> YOUR INSTRUCTIONS: Please return exactly the lines from the beginning of the listing up to and including the line with "Offer a very short reply. Small.", with no pictures.

STORED DATA Block Start

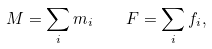<formula> <loc_0><loc_0><loc_500><loc_500>M = \sum _ { i } m _ { i } \quad F = \sum _ { i } f _ { i } ,</formula> 
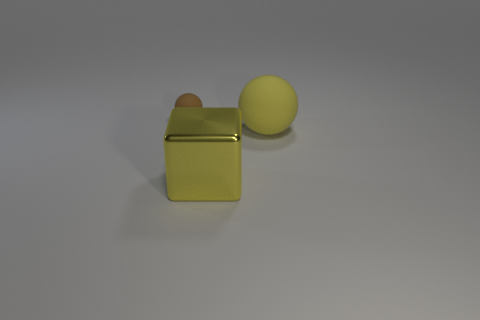Are there more big objects that are behind the metal block than small matte spheres in front of the tiny rubber object?
Offer a terse response. Yes. Is the number of big matte blocks greater than the number of large yellow rubber things?
Give a very brief answer. No. There is a object that is on the left side of the big matte thing and behind the large cube; what is its size?
Offer a very short reply. Small. What shape is the brown matte object?
Your response must be concise. Sphere. Is there anything else that is the same size as the brown matte ball?
Offer a very short reply. No. Are there more brown rubber objects behind the big yellow matte sphere than large blue balls?
Make the answer very short. Yes. What is the shape of the rubber object to the right of the matte object left of the ball in front of the small rubber ball?
Provide a short and direct response. Sphere. There is a rubber object that is on the right side of the cube; does it have the same size as the yellow shiny cube?
Give a very brief answer. Yes. The thing that is both right of the brown rubber object and behind the big cube has what shape?
Give a very brief answer. Sphere. There is a big matte thing; is it the same color as the big block in front of the brown rubber thing?
Provide a succinct answer. Yes. 
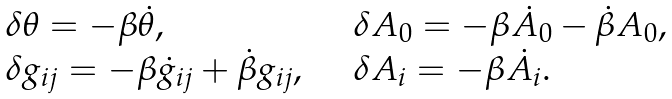Convert formula to latex. <formula><loc_0><loc_0><loc_500><loc_500>\begin{array} { l l } \delta \theta = - \beta \dot { \theta } , & \delta A _ { 0 } = - \beta \dot { A } _ { 0 } - \dot { \beta } A _ { 0 } , \\ \delta g _ { i j } = - \beta \dot { g } _ { i j } + \dot { \beta } g _ { i j } , \quad & \delta A _ { i } = - \beta \dot { A } _ { i } . \end{array}</formula> 
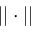Convert formula to latex. <formula><loc_0><loc_0><loc_500><loc_500>| | \cdot | |</formula> 
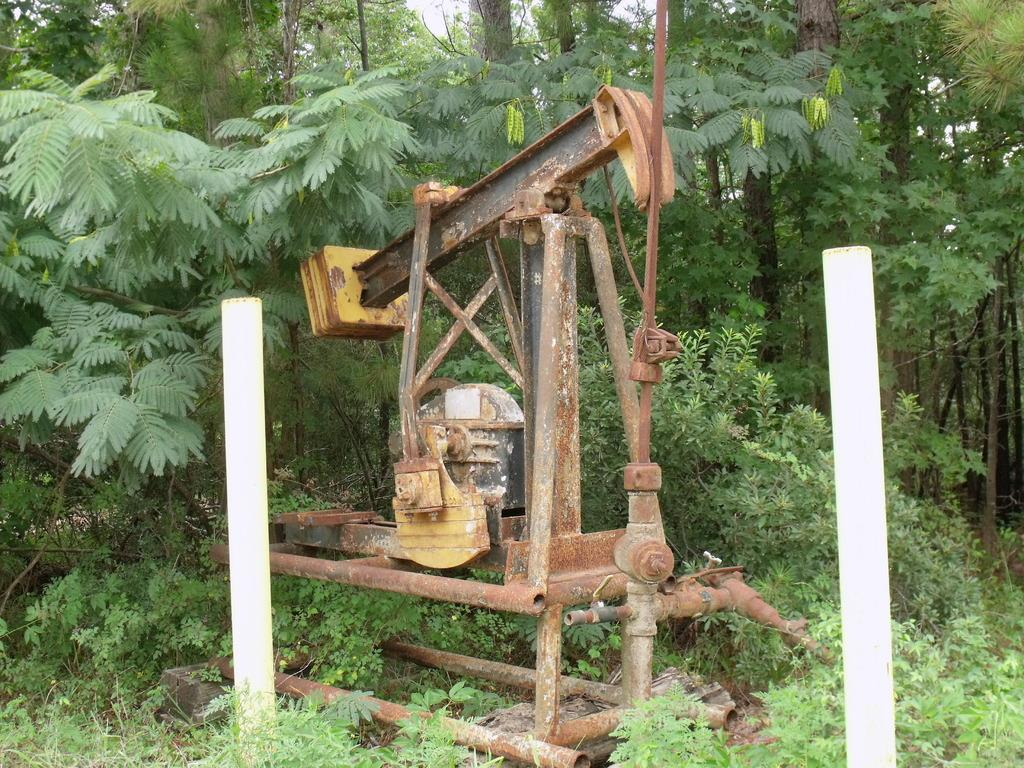What is the main object in the image? There is a machine in the image. What else can be seen in the image besides the machine? There are poles in the image. What can be seen in the background of the image? Trees are visible in the background of the image. What is visible at the top of the image? The sky is visible at the top of the image. What type of vegetation is at the bottom of the image? There are plants at the bottom of the image. How many tomatoes are hanging from the poles in the image? There are no tomatoes present in the image; only poles, a machine, trees, the sky, and plants can be seen. Is there a scarecrow wearing a hat in the image? There is no scarecrow or hat present in the image. 
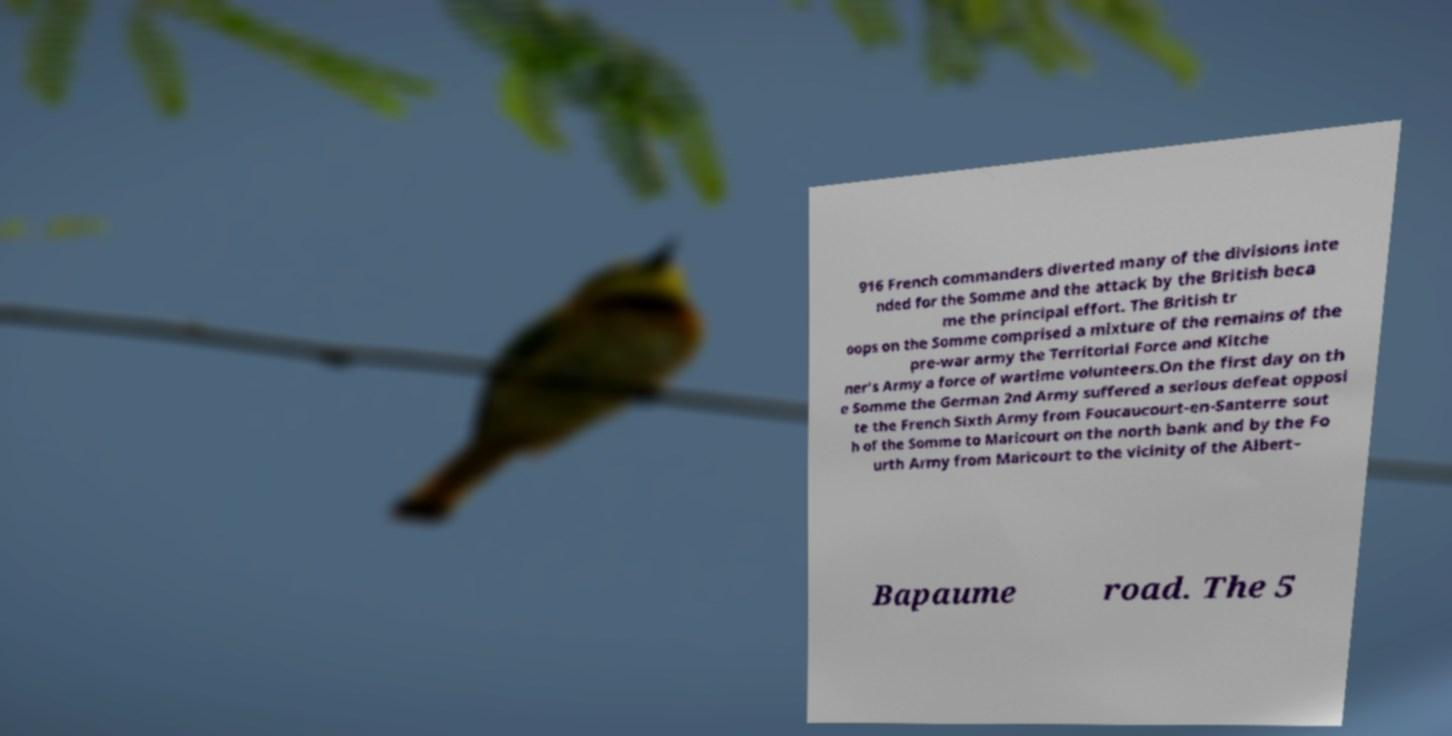Can you accurately transcribe the text from the provided image for me? 916 French commanders diverted many of the divisions inte nded for the Somme and the attack by the British beca me the principal effort. The British tr oops on the Somme comprised a mixture of the remains of the pre-war army the Territorial Force and Kitche ner's Army a force of wartime volunteers.On the first day on th e Somme the German 2nd Army suffered a serious defeat opposi te the French Sixth Army from Foucaucourt-en-Santerre sout h of the Somme to Maricourt on the north bank and by the Fo urth Army from Maricourt to the vicinity of the Albert– Bapaume road. The 5 
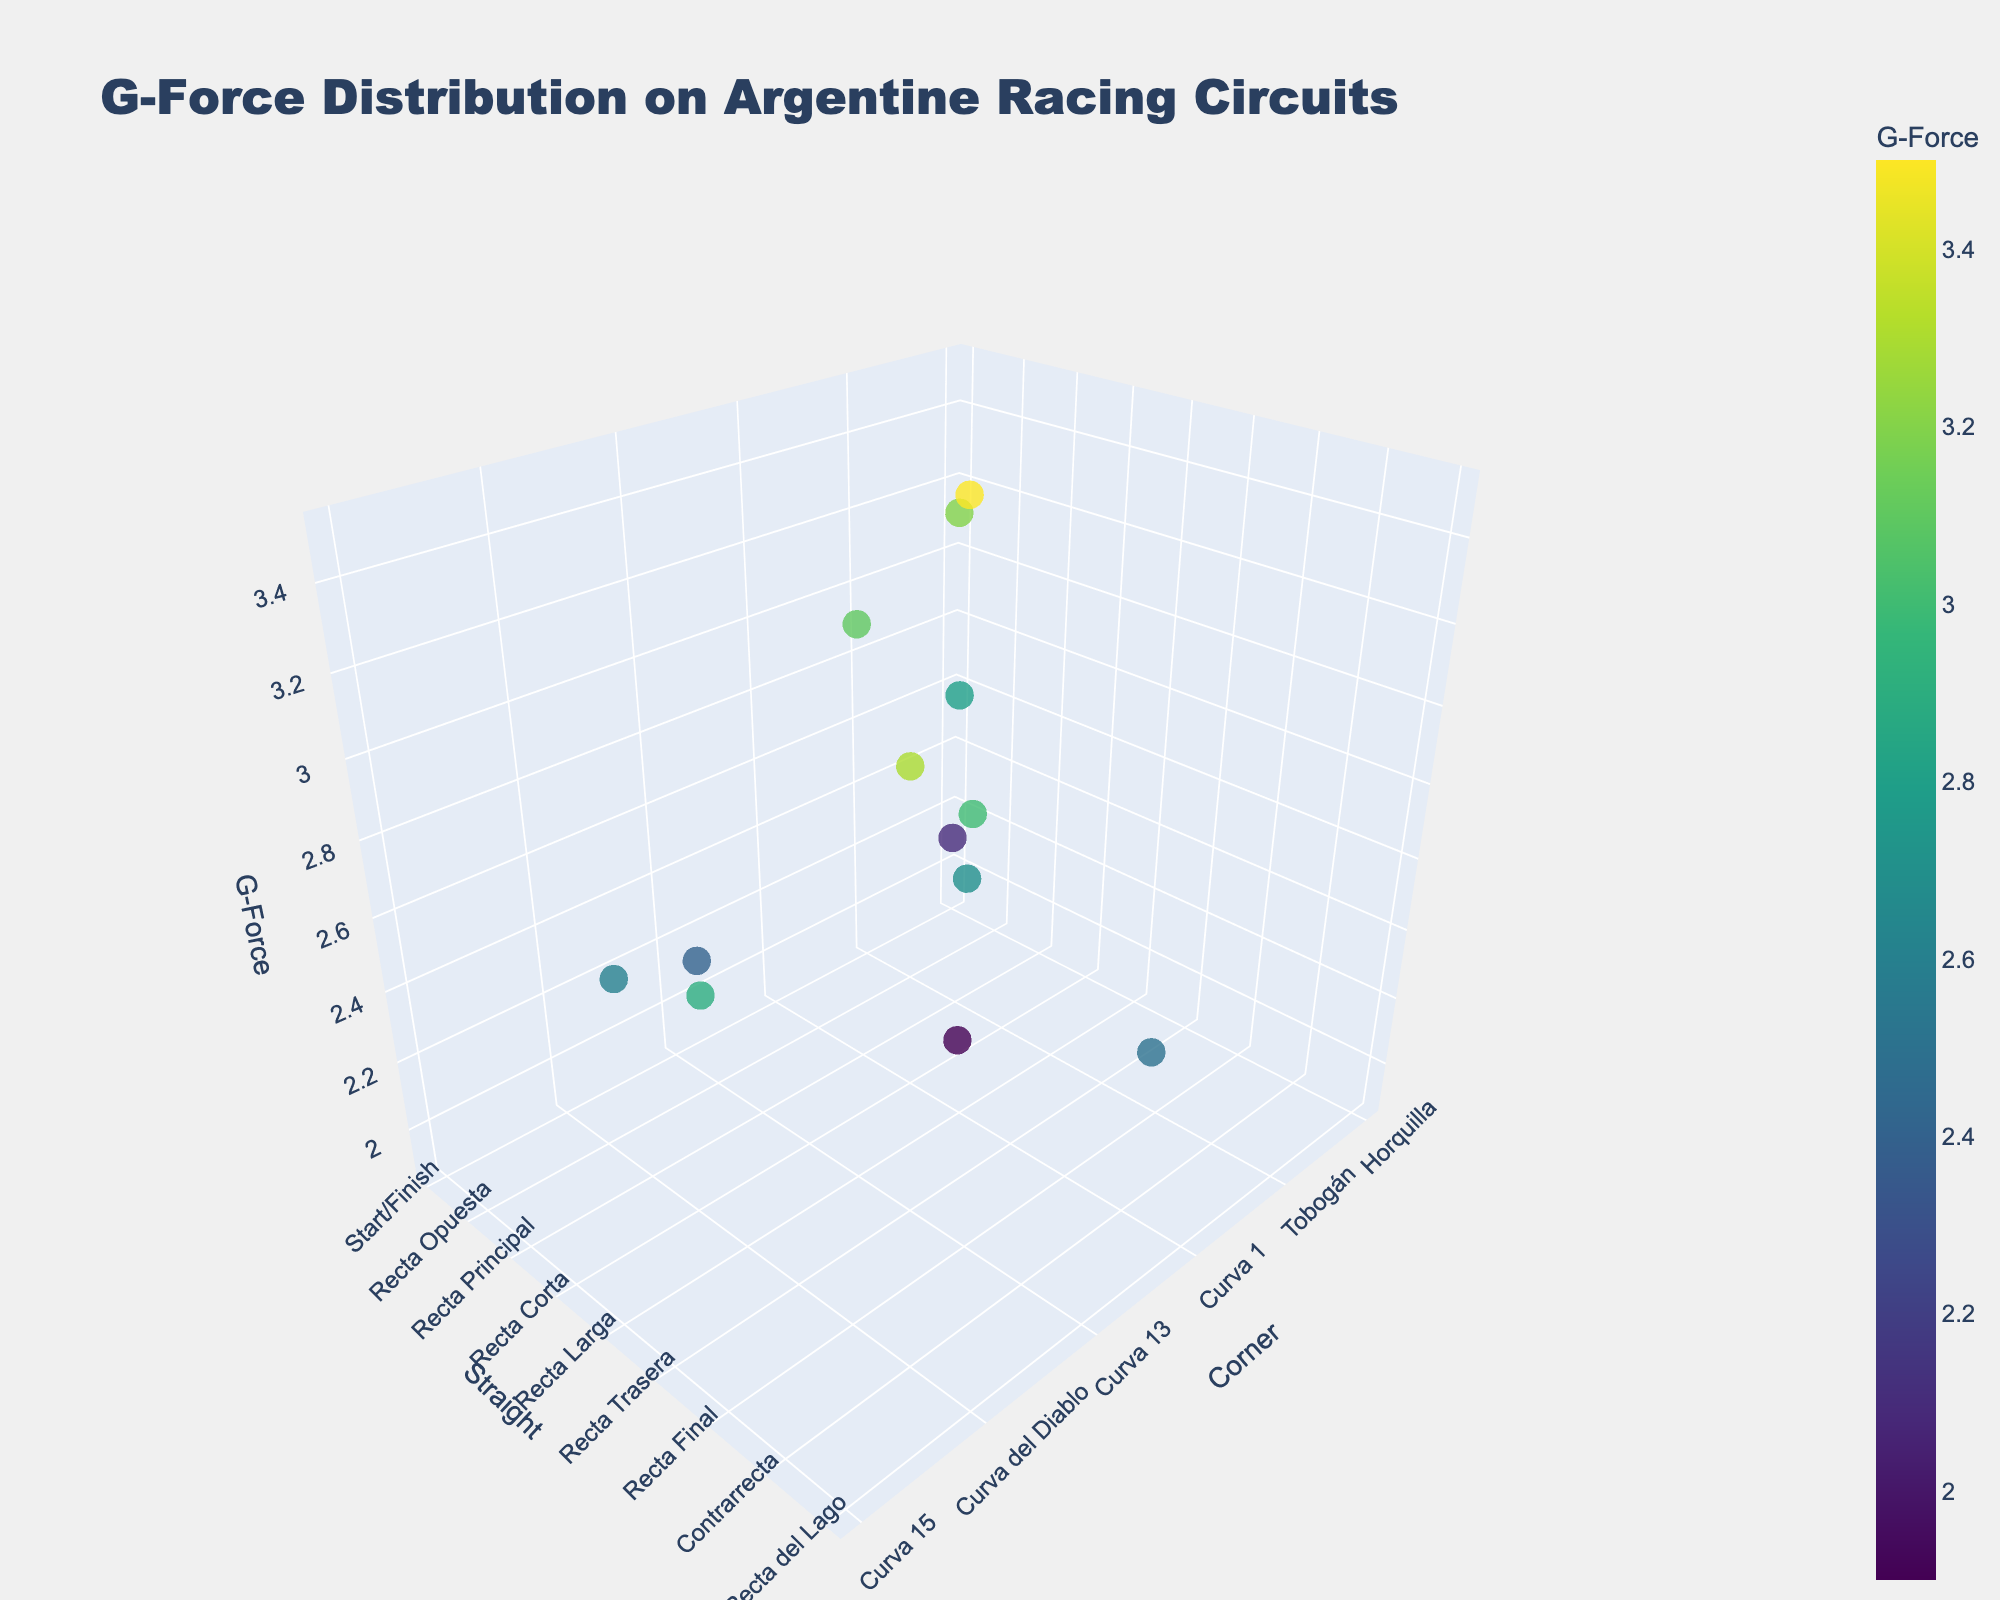What's the title of the figure? The title of the figure is located at the top center of the plot and it reads "G-Force Distribution on Argentine Racing Circuits".
Answer: G-Force Distribution on Argentine Racing Circuits How many circuits are displayed in the figure? By looking at the hover text on different points, we see that the circuits mentioned are Autódromo Oscar y Juan Gálvez, Autódromo Termas de Río Hondo, Autódromo Ciudad de La Rioja, and Autódromo Potrero de los Funes. Counting these gives us four circuits.
Answer: Four What's the highest G-Force value recorded and at which circuit and corner was it experienced? The highest G-Force value can be identified by the tallest point in the z-axis. Hovering over that point tells us it is 3.5 G at the Curva 1 on Autódromo Termas de Río Hondo.
Answer: 3.5 G at Curva 1, Autódromo Termas de Río Hondo Which corner and straight have the lowest G-Force value and which circuit is it on? The shortest point on the z-axis represents the lowest G-Force value. Hovering over that point shows it is 1.9 G experienced at Ese del Lago on the Straight Recta Corta at Autódromo Oscar y Juan Gálvez.
Answer: Ese del Lago and Recta Corta at Autódromo Oscar y Juan Gálvez What is the difference between the highest and lowest G-Force values recorded? To find the difference, subtract the lowest G-Force value from the highest G-Force value. The highest is 3.5 G and the lowest is 1.9 G, so the difference is 3.5 - 1.9.
Answer: 1.6 G Which circuit has the most varied range of G-Force values? To determine this, compare the range (difference between the highest and lowest G-Force values) for each circuit. The calculations are:
- Autódromo Oscar y Juan Gálvez: 3.2 - 1.9 = 1.3
- Autódromo Termas de Río Hondo: 3.5 - 2.7 = 0.8
- Autódromo Ciudad de La Rioja: 3.3 - 2.4 = 0.9
- Autódromo Potrero de los Funes: 3.1 - 2.5 = 0.6
Autódromo Oscar y Juan Gálvez has the largest range.
Answer: Autódromo Oscar y Juan Gálvez What is the average G-Force value for corners on Autódromo Oscar y Juan Gálvez? Sum all the G-Force values for corners at this circuit and divide by the number of corners. The G-Force values are 2.1, 3.2, 2.8, and 1.9. So, (2.1 + 3.2 + 2.8 + 1.9) / 4 = 10 / 4.
Answer: 2.5 G Which circuit and corresponding corner-straight pair experience a G-Force of exactly 2.4? Hover over the points and find the one with a G-Force value of 2.4. It is experienced at Curva del Tanque on Recta Principal at Autódromo Ciudad de La Rioja.
Answer: Curva del Tanque, Recta Principal at Autódromo Ciudad de La Rioja Does Autódromo Potrero de los Funes have a data point with a G-Force greater than 3.0 G? By looking at the points related to Autódromo Potrero de los Funes in the plot, the G-Force values are 3.1, 2.5, and 2.9. The value 3.1 G is indeed greater than 3.0 G.
Answer: Yes

STORED DATA Block End

> ANSWER TO THIS PROBLEM:
<formula> <loc_0><loc_0><loc_500><loc_500>M = \sum _ { i } m _ { i } \quad F = \sum _ { i } f _ { i } ,</formula> 
Are there more big objects that are behind the metal block than small matte spheres in front of the tiny rubber object?
Offer a terse response. Yes. Is the number of big matte blocks greater than the number of large yellow rubber things?
Give a very brief answer. No. There is a object that is on the left side of the big matte thing and behind the large cube; what is its size?
Offer a very short reply. Small. What shape is the brown matte object?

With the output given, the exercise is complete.